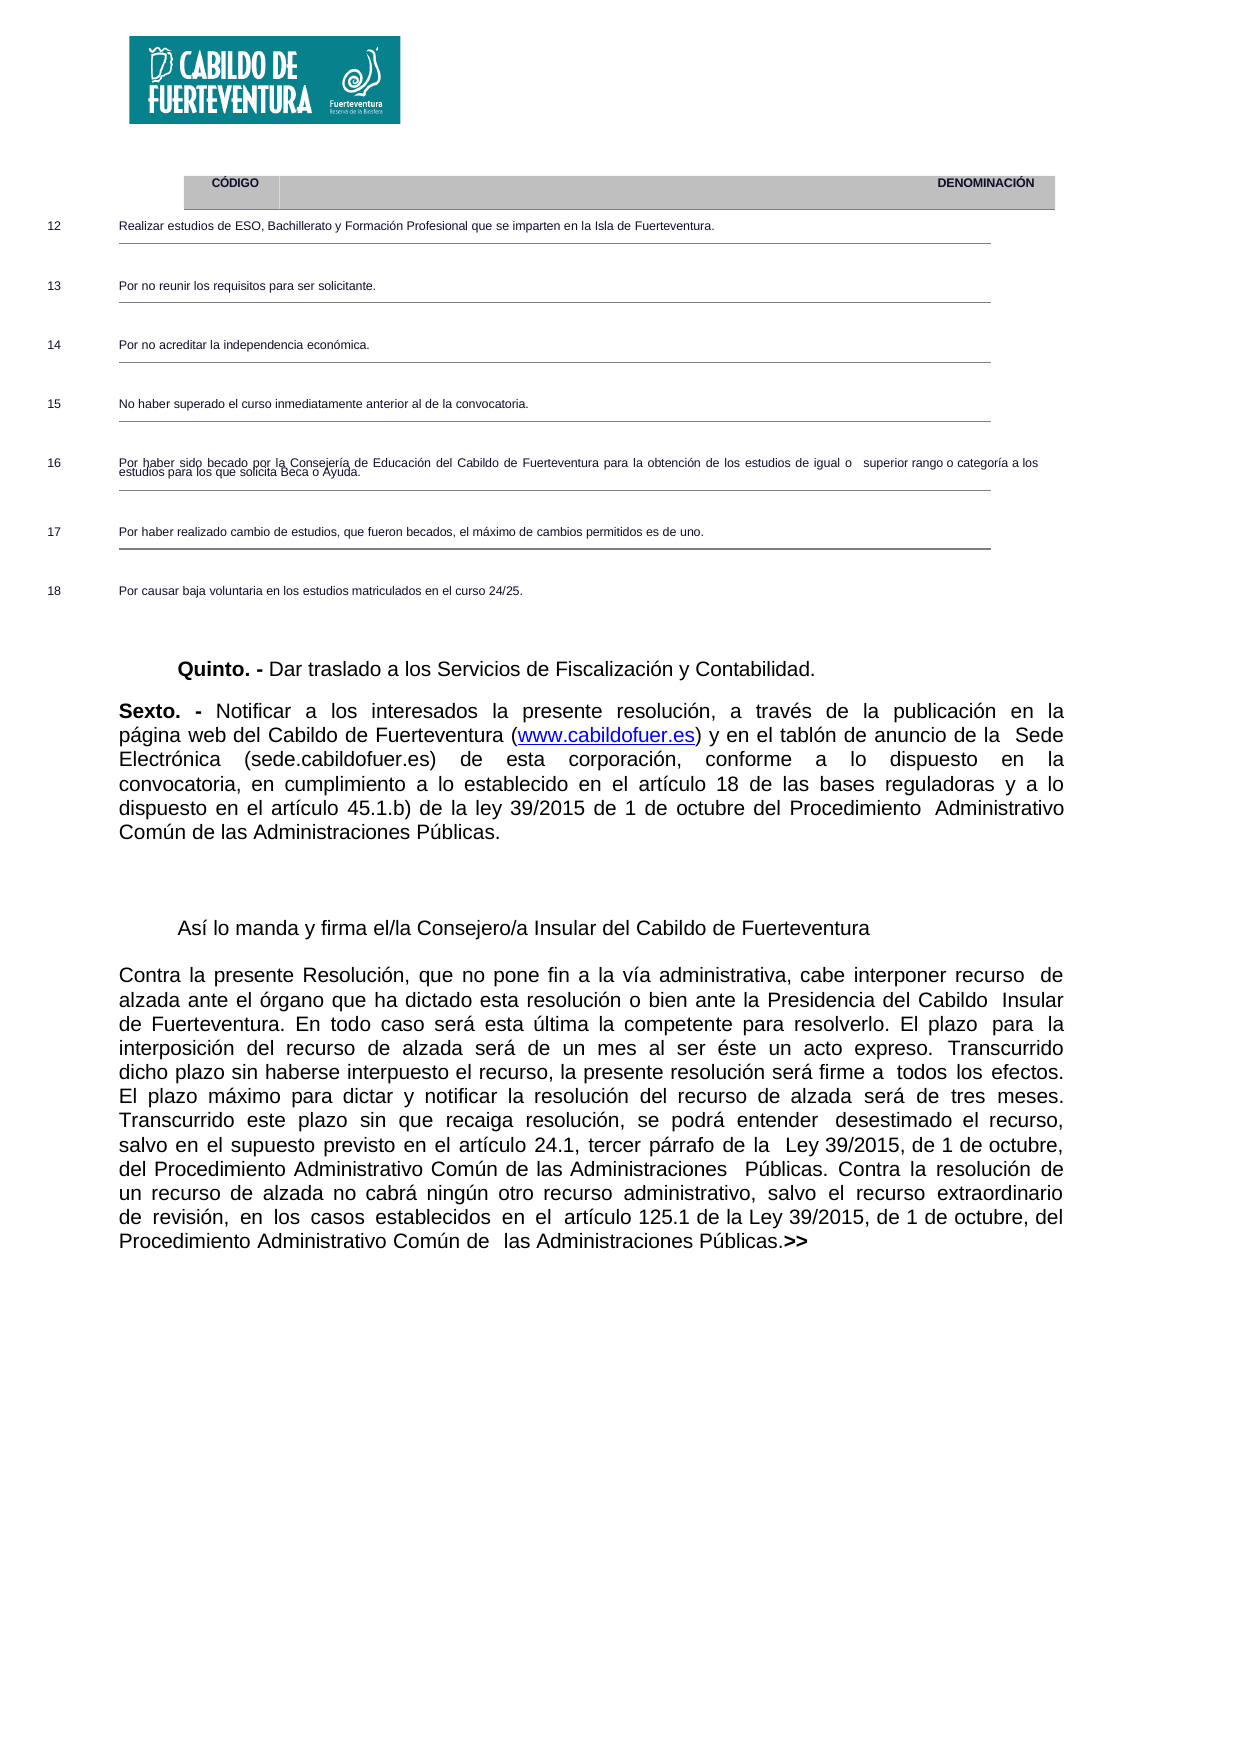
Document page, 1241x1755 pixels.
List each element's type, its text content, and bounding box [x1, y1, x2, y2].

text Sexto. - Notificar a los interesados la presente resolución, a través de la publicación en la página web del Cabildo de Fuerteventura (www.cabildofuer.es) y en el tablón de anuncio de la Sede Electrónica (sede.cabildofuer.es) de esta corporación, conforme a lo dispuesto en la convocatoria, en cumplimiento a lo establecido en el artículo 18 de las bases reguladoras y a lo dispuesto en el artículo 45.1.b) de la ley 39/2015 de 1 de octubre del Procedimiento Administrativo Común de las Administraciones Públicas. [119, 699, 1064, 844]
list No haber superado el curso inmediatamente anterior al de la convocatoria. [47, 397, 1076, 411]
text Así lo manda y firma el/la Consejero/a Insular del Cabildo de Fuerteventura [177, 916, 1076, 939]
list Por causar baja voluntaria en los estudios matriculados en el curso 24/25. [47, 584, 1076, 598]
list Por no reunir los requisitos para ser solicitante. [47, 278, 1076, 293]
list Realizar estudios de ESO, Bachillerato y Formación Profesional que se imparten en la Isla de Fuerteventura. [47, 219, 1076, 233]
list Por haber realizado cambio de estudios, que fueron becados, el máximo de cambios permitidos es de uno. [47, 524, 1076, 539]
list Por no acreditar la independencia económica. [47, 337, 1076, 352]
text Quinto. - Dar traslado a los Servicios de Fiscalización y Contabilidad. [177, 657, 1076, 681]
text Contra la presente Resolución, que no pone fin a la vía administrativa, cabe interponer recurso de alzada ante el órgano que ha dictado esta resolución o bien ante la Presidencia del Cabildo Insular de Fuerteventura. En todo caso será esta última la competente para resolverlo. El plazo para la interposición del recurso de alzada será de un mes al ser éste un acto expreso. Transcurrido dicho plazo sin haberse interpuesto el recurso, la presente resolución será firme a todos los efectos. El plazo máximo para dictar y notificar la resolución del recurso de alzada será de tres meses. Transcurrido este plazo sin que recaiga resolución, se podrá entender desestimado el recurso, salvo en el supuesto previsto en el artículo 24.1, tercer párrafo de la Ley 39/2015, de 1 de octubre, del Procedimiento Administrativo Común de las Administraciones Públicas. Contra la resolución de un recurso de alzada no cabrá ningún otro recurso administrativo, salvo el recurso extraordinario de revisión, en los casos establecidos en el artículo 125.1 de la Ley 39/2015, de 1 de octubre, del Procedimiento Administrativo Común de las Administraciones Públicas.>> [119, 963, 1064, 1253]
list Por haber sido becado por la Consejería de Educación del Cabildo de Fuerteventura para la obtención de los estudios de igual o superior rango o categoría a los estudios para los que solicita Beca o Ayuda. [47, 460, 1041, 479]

---

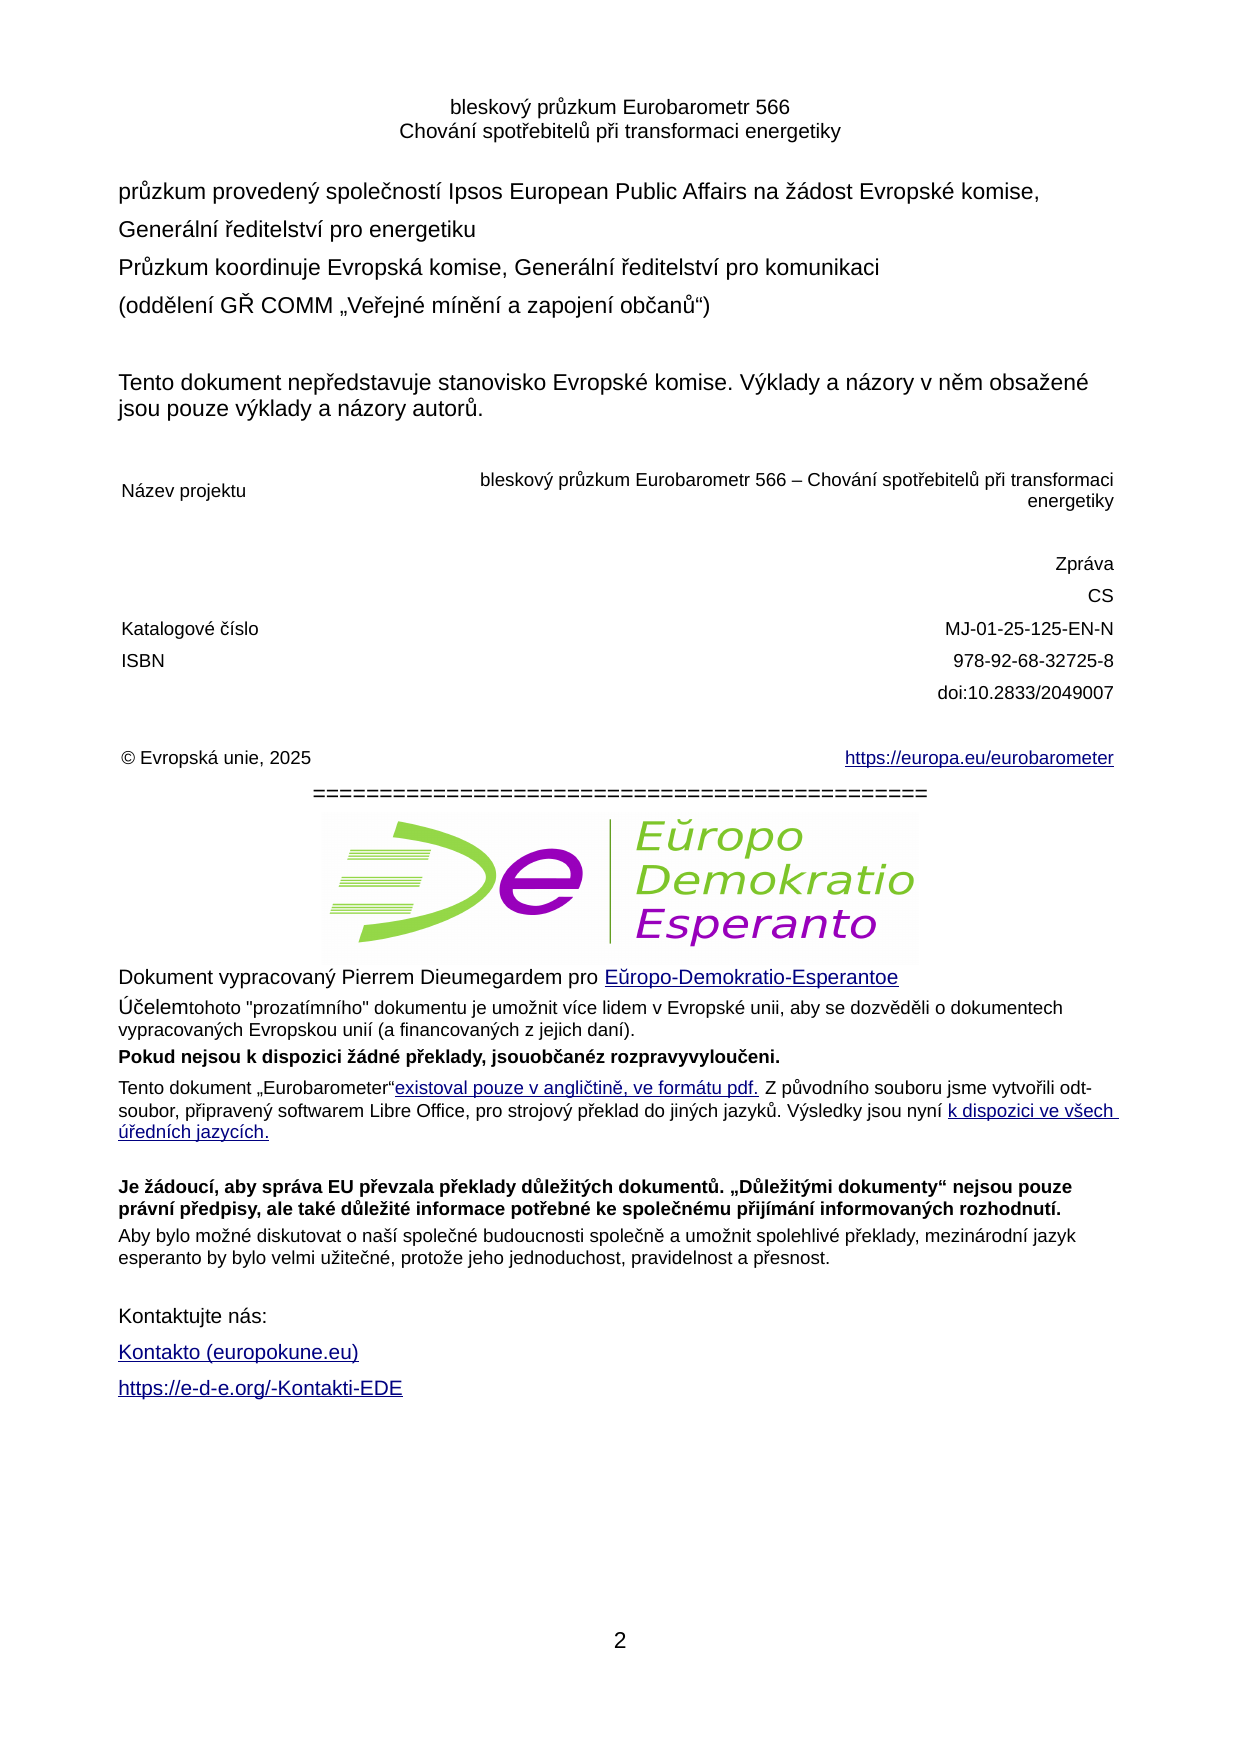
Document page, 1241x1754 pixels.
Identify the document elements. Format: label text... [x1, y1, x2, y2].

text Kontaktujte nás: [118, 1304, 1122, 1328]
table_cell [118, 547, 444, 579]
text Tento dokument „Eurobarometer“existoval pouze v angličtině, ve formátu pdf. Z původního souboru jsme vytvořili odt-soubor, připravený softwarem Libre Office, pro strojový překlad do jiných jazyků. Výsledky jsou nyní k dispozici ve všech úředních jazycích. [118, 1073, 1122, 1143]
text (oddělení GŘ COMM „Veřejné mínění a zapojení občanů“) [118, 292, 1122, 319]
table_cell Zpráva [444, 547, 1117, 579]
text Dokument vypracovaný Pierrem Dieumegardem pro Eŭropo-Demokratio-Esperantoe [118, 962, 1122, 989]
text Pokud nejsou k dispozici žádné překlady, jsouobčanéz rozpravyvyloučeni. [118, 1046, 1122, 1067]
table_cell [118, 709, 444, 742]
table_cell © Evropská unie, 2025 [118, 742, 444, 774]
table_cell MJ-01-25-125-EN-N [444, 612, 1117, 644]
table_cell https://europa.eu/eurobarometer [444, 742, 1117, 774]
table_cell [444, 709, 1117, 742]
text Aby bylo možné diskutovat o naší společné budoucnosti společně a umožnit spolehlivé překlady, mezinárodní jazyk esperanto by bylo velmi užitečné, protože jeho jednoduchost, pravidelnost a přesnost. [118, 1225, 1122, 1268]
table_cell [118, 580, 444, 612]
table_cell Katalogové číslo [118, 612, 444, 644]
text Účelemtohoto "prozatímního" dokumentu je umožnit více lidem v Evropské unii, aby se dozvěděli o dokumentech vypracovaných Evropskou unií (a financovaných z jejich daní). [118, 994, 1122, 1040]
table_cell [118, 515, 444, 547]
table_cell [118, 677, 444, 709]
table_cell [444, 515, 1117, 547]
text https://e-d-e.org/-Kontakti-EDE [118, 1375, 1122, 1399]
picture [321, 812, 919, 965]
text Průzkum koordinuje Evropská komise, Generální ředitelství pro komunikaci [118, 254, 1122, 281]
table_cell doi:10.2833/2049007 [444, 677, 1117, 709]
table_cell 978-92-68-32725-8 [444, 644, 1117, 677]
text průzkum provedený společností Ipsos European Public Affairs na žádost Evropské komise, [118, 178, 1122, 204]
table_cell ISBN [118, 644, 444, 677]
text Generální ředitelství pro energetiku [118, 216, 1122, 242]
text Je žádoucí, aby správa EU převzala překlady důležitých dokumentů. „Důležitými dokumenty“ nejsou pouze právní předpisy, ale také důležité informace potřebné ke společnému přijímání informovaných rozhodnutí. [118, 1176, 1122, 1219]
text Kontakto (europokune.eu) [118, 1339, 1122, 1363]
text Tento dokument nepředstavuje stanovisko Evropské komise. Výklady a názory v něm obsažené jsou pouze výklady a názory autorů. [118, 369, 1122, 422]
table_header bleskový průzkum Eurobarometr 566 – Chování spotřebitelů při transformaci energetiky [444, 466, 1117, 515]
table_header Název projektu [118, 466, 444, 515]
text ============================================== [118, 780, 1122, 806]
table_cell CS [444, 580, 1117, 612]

==

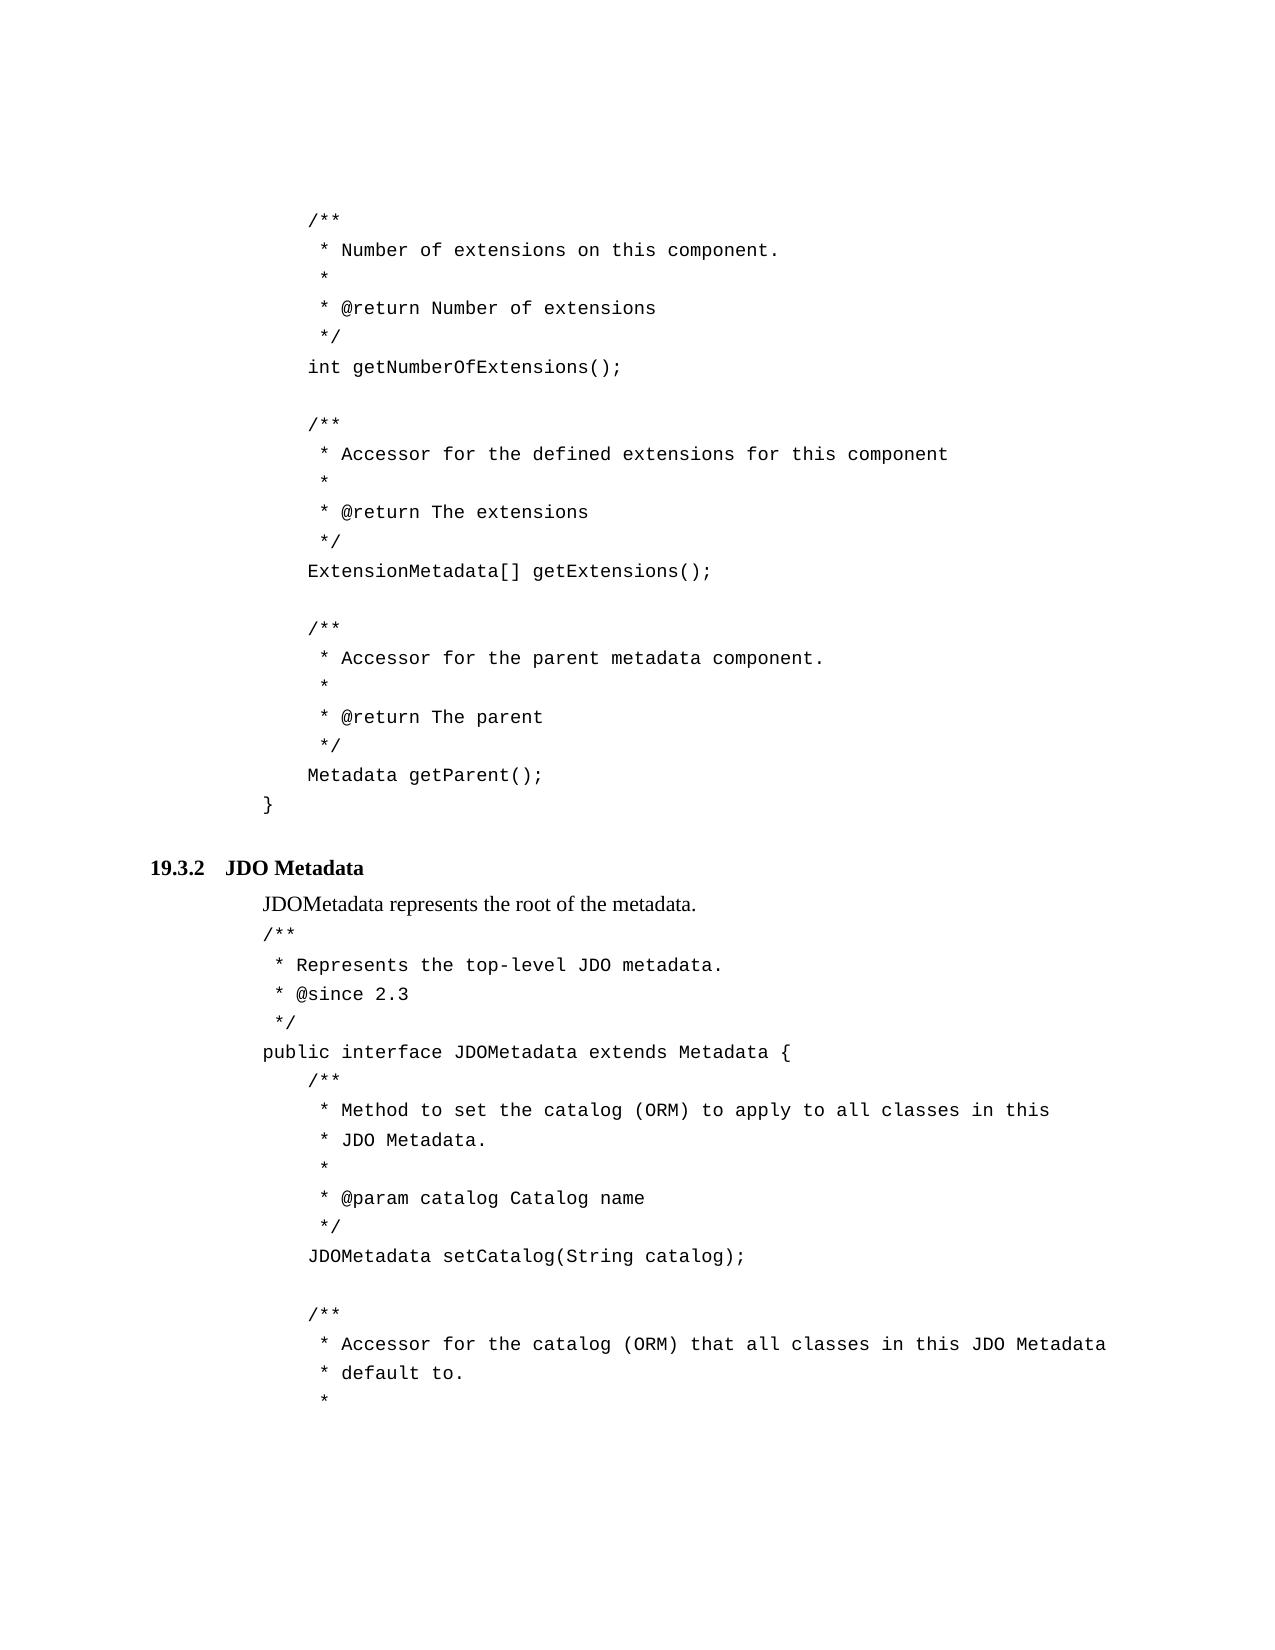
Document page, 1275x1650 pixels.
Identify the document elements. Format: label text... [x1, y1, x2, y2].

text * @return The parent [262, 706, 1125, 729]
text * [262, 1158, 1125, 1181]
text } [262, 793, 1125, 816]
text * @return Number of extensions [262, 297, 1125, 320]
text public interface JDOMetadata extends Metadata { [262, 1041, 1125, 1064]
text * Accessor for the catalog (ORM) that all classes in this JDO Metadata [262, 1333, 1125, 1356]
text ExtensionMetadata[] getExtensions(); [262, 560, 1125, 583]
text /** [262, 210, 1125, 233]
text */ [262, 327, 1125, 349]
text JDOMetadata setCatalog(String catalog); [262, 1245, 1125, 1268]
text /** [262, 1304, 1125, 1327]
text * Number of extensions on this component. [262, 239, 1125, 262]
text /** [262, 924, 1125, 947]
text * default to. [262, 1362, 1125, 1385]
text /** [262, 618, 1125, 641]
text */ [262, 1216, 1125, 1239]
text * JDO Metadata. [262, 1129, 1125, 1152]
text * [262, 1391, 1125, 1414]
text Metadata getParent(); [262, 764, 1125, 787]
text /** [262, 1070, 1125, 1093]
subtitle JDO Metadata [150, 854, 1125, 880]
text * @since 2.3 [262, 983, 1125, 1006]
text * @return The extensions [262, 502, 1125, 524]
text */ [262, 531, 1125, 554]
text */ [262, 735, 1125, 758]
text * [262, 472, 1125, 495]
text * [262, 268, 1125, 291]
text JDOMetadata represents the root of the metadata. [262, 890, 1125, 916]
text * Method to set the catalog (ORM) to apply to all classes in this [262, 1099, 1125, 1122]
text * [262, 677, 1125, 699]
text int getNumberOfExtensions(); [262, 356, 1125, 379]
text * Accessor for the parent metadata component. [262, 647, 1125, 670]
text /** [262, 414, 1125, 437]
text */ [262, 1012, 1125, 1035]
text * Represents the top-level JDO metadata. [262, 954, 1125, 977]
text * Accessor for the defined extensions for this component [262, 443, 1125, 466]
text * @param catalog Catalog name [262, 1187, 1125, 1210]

Task to carry out -> Scan the lines above for "table_cell ISBN [118, 644, 444, 677]" and for "table_cell CS [444, 580, 1117, 612]". Repeat exactly the line holding each of them and every line in between.

Result below ->
table_cell ISBN [118, 644, 444, 677]
text Generální ředitelství pro energetiku [118, 216, 1122, 242]
text Je žádoucí, aby správa EU převzala překlady důležitých dokumentů. „Důležitými dokumenty“ nejsou pouze právní předpisy, ale také důležité informace potřebné ke společnému přijímání informovaných rozhodnutí. [118, 1176, 1122, 1219]
text Kontakto (europokune.eu) [118, 1339, 1122, 1363]
text Tento dokument nepředstavuje stanovisko Evropské komise. Výklady a názory v něm obsažené jsou pouze výklady a názory autorů. [118, 369, 1122, 422]
table_header bleskový průzkum Eurobarometr 566 – Chování spotřebitelů při transformaci energetiky [444, 466, 1117, 515]
table_header Název projektu [118, 466, 444, 515]
text ============================================== [118, 780, 1122, 806]
table_cell CS [444, 580, 1117, 612]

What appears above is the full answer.